*** Opening of Information given ***
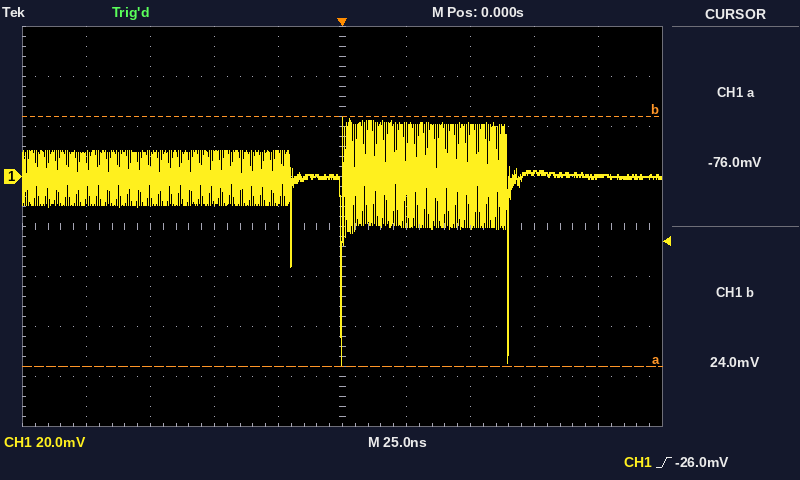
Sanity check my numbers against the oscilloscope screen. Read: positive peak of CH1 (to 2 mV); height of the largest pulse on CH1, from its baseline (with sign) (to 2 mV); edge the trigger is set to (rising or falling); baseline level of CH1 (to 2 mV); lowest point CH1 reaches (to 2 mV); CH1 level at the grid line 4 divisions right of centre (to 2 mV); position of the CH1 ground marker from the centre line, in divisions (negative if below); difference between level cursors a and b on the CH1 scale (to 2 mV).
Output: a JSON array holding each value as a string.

["24 mV", "-76 mV", "rising", "0 mV", "-76 mV", "0 mV", "+1.0 div", "100 mV"]
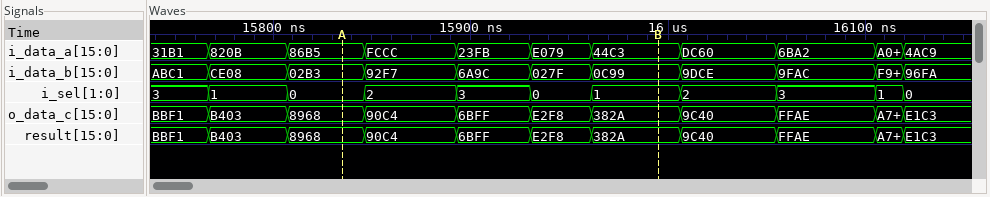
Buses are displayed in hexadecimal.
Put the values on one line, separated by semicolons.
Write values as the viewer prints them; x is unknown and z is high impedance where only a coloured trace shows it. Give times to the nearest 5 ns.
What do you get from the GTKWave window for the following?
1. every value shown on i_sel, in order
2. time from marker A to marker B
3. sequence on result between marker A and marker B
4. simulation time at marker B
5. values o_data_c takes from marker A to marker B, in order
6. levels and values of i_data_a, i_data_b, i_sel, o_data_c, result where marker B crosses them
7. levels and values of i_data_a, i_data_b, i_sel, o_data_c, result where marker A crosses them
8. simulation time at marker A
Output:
3, 1, 0, 2, 3, 0, 1, 2, 3, 1, 0; 160 ns; 8968, 90C4, 6BFF, E2F8, 382A; 15995 ns; 8968, 90C4, 6BFF, E2F8, 382A; i_data_a=44C3, i_data_b=0C99, i_sel=1, o_data_c=382A, result=382A; i_data_a=86B5, i_data_b=02B3, i_sel=0, o_data_c=8968, result=8968; 15835 ns
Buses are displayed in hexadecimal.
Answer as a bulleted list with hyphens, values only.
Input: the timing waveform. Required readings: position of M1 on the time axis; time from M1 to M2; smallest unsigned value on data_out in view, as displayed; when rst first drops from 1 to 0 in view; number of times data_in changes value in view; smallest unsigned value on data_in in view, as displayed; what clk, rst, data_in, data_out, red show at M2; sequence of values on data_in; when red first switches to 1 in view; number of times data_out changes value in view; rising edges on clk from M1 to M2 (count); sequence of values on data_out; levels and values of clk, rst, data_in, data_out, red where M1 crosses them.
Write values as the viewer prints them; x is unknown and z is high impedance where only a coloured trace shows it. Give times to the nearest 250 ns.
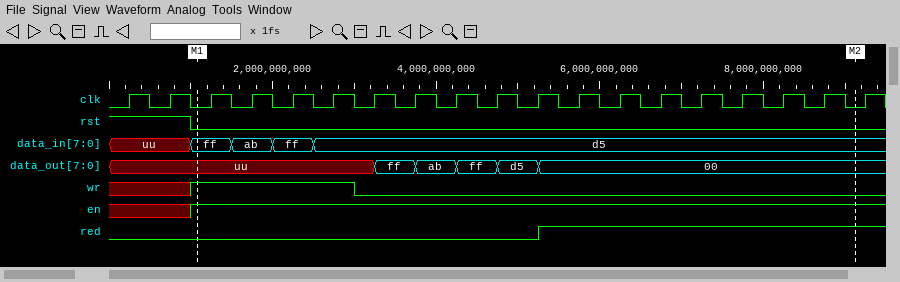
- 1000 ns
- 8000 ns
- 00
- 1000 ns
- 4
- ab
- clk=0, rst=0, data_in=d5, data_out=00, red=1
- uu, ff, ab, ff, d5
- 5250 ns
- 5
- 16
- uu, ff, ab, ff, d5, 00
- clk=0, rst=0, data_in=ff, data_out=uu, red=0
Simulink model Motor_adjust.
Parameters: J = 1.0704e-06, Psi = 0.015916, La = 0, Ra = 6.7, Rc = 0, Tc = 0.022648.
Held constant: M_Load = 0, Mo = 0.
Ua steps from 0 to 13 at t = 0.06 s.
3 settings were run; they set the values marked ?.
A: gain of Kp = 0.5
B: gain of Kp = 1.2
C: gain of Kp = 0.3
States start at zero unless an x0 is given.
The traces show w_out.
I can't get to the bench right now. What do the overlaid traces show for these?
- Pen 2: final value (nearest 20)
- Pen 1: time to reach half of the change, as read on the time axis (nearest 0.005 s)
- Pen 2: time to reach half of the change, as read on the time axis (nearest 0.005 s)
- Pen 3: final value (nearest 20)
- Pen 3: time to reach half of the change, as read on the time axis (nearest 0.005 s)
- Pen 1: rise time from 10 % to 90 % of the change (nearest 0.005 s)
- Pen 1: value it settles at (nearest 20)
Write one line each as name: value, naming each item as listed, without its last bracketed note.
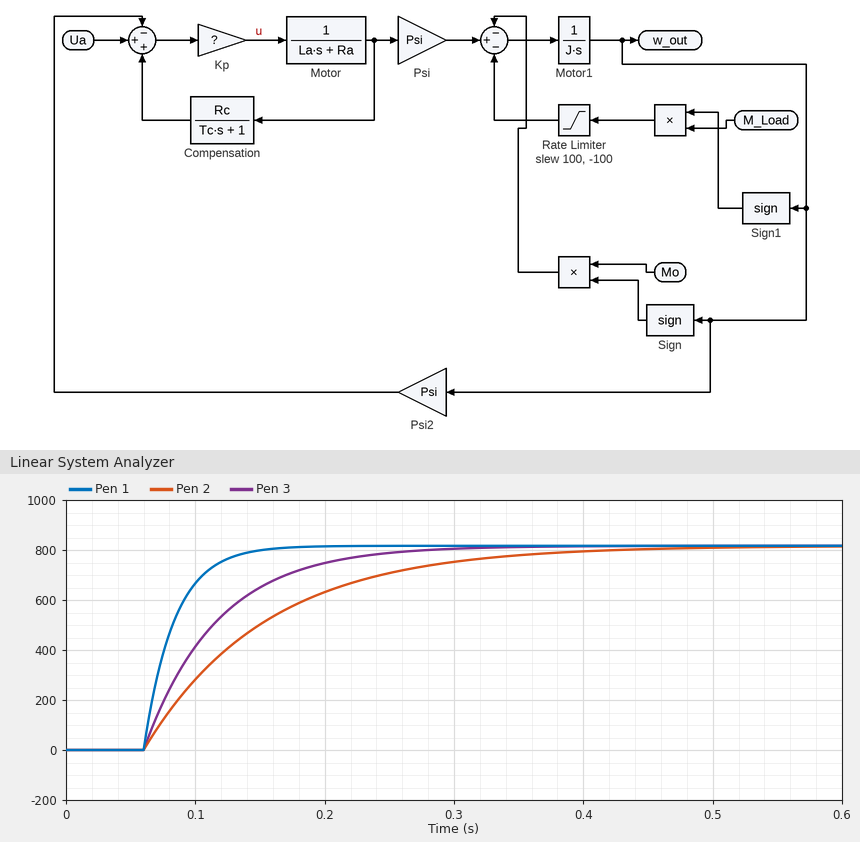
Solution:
Pen 2: final value: 820
Pen 1: time to reach half of the change, as read on the time axis: 0.075 s
Pen 2: time to reach half of the change, as read on the time axis: 0.125 s
Pen 3: final value: 820
Pen 3: time to reach half of the change, as read on the time axis: 0.100 s
Pen 1: rise time from 10 % to 90 % of the change: 0.050 s
Pen 1: value it settles at: 820
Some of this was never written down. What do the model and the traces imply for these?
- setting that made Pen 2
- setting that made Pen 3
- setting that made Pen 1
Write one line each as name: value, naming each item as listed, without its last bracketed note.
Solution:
setting that made Pen 2: C
setting that made Pen 3: A
setting that made Pen 1: B
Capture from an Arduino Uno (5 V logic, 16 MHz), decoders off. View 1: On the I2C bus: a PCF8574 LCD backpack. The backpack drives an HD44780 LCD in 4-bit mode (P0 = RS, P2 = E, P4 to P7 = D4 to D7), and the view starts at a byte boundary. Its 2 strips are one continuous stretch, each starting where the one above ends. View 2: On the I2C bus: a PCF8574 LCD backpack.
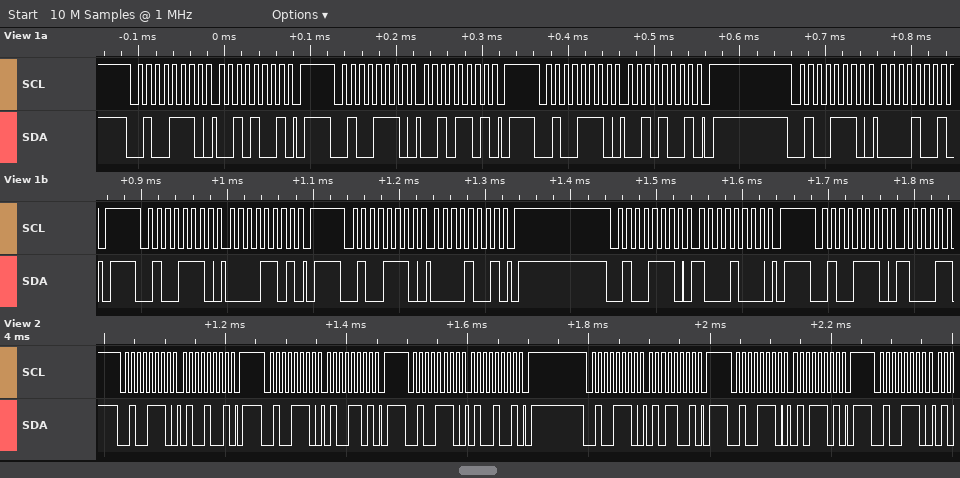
*** Close of Information given ***
* **Work to complete**
Print exactly the lines above from the one with "B: gain of Kp = 1.2" to the one with "- Pen 1: value it settles at (nearest 20)", including both.

* **Result for this exercise**
B: gain of Kp = 1.2
C: gain of Kp = 0.3
States start at zero unless an x0 is given.
The traces show w_out.
I can't get to the bench right now. What do the overlaid traces show for these?
- Pen 2: final value (nearest 20)
- Pen 1: time to reach half of the change, as read on the time axis (nearest 0.005 s)
- Pen 2: time to reach half of the change, as read on the time axis (nearest 0.005 s)
- Pen 3: final value (nearest 20)
- Pen 3: time to reach half of the change, as read on the time axis (nearest 0.005 s)
- Pen 1: rise time from 10 % to 90 % of the change (nearest 0.005 s)
- Pen 1: value it settles at (nearest 20)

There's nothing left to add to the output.